Suppose $g\in V^0_{X,Y}.$ For every (finite) number $c$ define
$$g_c(y) = g(y) + cy.$$
These are all measurable functions and they are all in $V^0_{X,Y}$ because
$$E[Xg_c(Y)] = E[X(g(Y) + cY)] = E[Xg(Y)] + cE[XY]\tag{*}$$
is finite, being the sum of two finite values. Geometrically, this set of functions $$\langle g \rangle_Y = \{g_c\mid c\in\mathbb R\} = \{g(Y) + cY\mid c\in\mathbb R\}$$ is an affine line in $V^0_{X,Y}.$
Because $E[XY]\ne 0$ is finite,
$$c^*(g) = -E[Xg(Y)]\ /\ E[XY]$$
is defined, unique, and by $(*)$ assures
$$E[Xg_{c^*(g)}(Y)] = E[Xg(Y)] - \frac{E[Xg(Y)]}{E[XY]} E[XY] = 0.$$
Consequently,
when $E[XY]\ne 0$ is finite, every function $g$ in the punctured line $\{g_c\mid c\ne c^*(g)\}$ satisfies $E[Xg(Y)]\ne 0.$
This is a sketch of the vector space $V^0_{X,Y}.$ The identity function $\iota: y\to y$ is one of the vectors, shown as the red arrow. Some of the punctured lines parallel to $\iota$ are drawn for background. The set of "special" functions $g_{c^*(g)}$ for which $E[Xg_{c^*(g)}(Y)]=0$ has been removed, leaving the white trace. One random dot at the lower left represents a generic function $g.$ Its projection in the $\iota$ direction onto $g_{c^*(g)}$ is shown to its upper right.

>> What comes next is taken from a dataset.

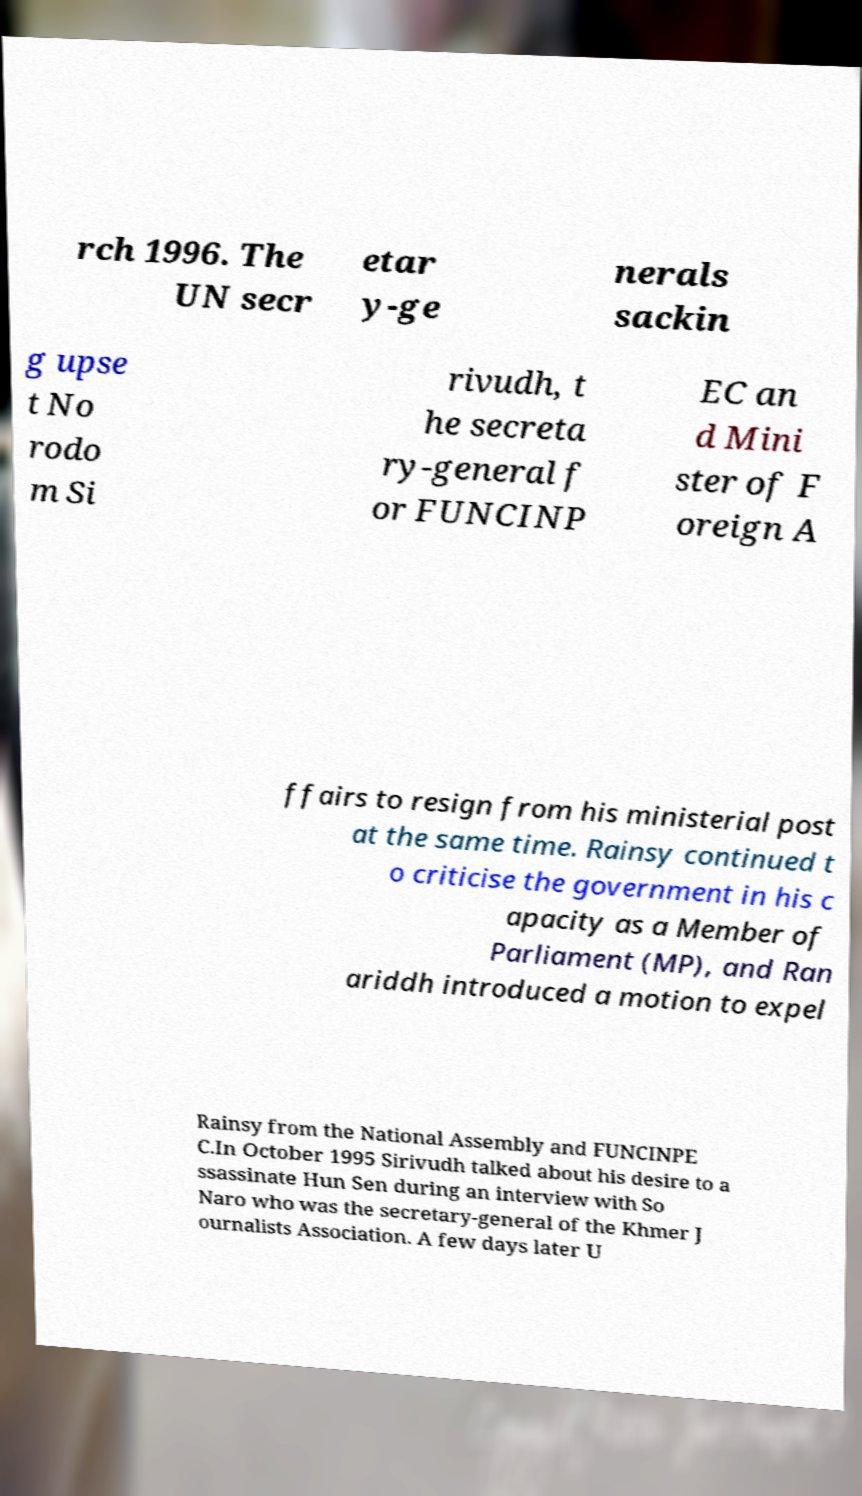Can you accurately transcribe the text from the provided image for me? rch 1996. The UN secr etar y-ge nerals sackin g upse t No rodo m Si rivudh, t he secreta ry-general f or FUNCINP EC an d Mini ster of F oreign A ffairs to resign from his ministerial post at the same time. Rainsy continued t o criticise the government in his c apacity as a Member of Parliament (MP), and Ran ariddh introduced a motion to expel Rainsy from the National Assembly and FUNCINPE C.In October 1995 Sirivudh talked about his desire to a ssassinate Hun Sen during an interview with So Naro who was the secretary-general of the Khmer J ournalists Association. A few days later U

In this picture of the situation,
the functions $g$ for which $E[Xg(Y)]\ne 0$ consist of all points not on the white curve.
The exact nature of the white curve depends on the joint distribution of the random variables $(X,Y).$ What we have seen is that it intersects each of the affine lines parallel to $\iota$ exactly once: they form a line bundle.
Finally, I haven't dealt with the possibility that $E[XY]$ is infinite. If there exists a nonzero measurable function $f$ for which $E[Xf(Y)]$ is finite and nonzero, we may employ $f$ in defining $g_c(y) = g(y) + cf(y)$ and proceed as before. Unfortunately, there needn't exist such an $h$ in general (although there usually is in any statistical application).
The assumptions $E[X] = 0 = E[Y]$ were never used. Unfortunately, they don't help us out of the problems with infinities: it is possible for these additional assumptions to hold, yet for $E[XY]$ to be infinite. For instance, let $X$ have a Student $t(3/2)$ distribution and $Y=X.$
As the comments pointed out, the degree of generality sought by the OP is quixotic.
Let $(X,Y)$ have a joint symmetric bivariate distribution in the sense that
$$(X, Y) \sim_d (-X, -Y).$$
This already implies $E(X) = E(Y) = 0$, and we assume also that $E(XY) \neq 0$.
Let $g(z) = z^k$, $k$ is an even number. Then (see https://stats.stackexchange.com/a/352218/28746)
$$E[Xg(Y)] = 0,\;\;\; \forall k.$$
So, no, eq. (1) of the OP cannot imply that this coproduct will have non-zero expected value for any $g$ (as the OP hoped for in a comment), since for this class of distributions and for this $g$ this expected value becomes zero.